Vaccination is among the few definitive tenets of disease prevention, but because of rampant misinformation, fear, and scientific illiteracy, rare infections have come back to life.

Initial shipment of polio vaccine in 1955 (AP)

In the way the word cancer quiets a room, polio once did. Now it sounds archaic. So does measles, which can make it difficult to comprehend that a woman from Seattle came down with measles two weeks ago after a Kings of Leon concert. That song "Sex on Fire" that you sometimes still hear on the radio? They were playing that while a woman was developing measles. Which will not impress you if you spent 2011 in France, where there were 15,000 cases of measles. Then, in the U.S. in 2012, almost 50,000 people got whooping cough.

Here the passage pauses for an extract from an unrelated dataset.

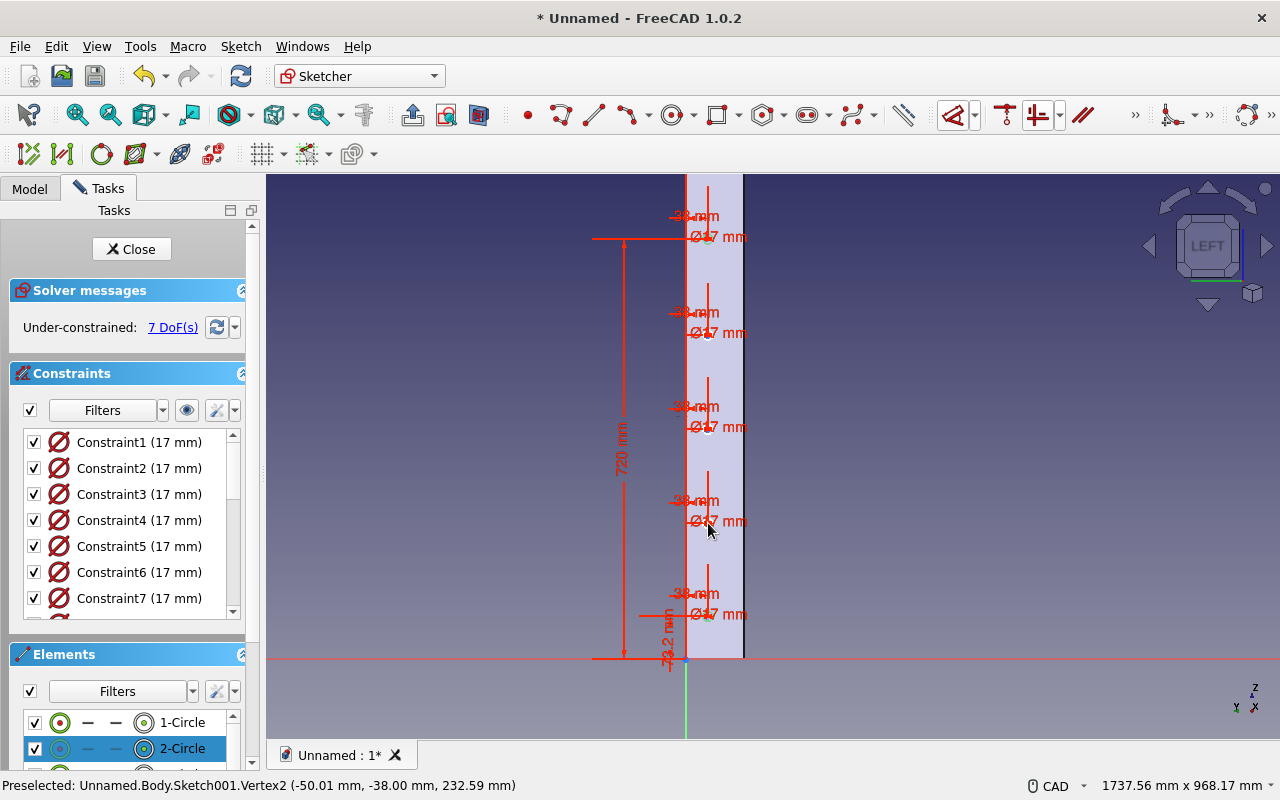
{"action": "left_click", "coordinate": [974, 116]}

Because parents are choosing to forgo or delay vaccinations, one in eight American kids has not received all that are medically recommended. In trying to understand the drivers of that idea, which is at odds with the science of infectious disease and public health policy, Jenny McCarthy has emerged the most visible detractor. The name of the host of The View now appears in medical journals. This week though, in an unexpected move, McCarthy said she is not against vaccinating children to protect them from infectious diseases. “I am not ‘anti-vaccine,’” she wrote in a column in Chicago Sun-Times Splash section on Sunday. That might seem like a dramatic change of heart, except that she says it’s not. I’ve never told anyone to not vaccinate.”

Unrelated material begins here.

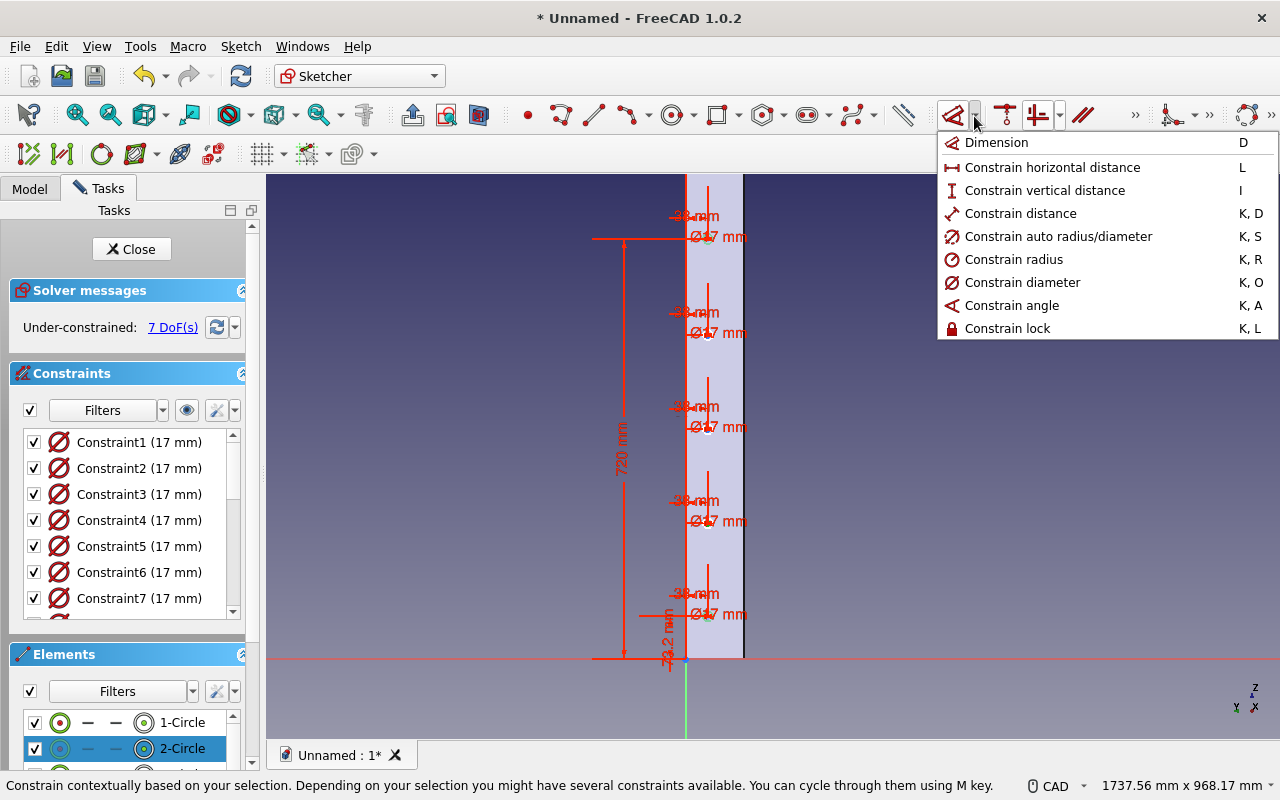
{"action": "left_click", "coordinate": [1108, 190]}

That’s a false sentence, but we don’t need to pick that apart. Well, okay, here's just one of her anti-vaccine statements from 2009: “It’s going to take some diseases coming back to realize that we need to change and develop vaccines that are safe. If the vaccine companies are not listening to us, it’s their fucking fault that the diseases are coming back. They’re making a product that’s shit. If you give us a safe vaccine, we’ll use it. It shouldn’t be polio versus autism.”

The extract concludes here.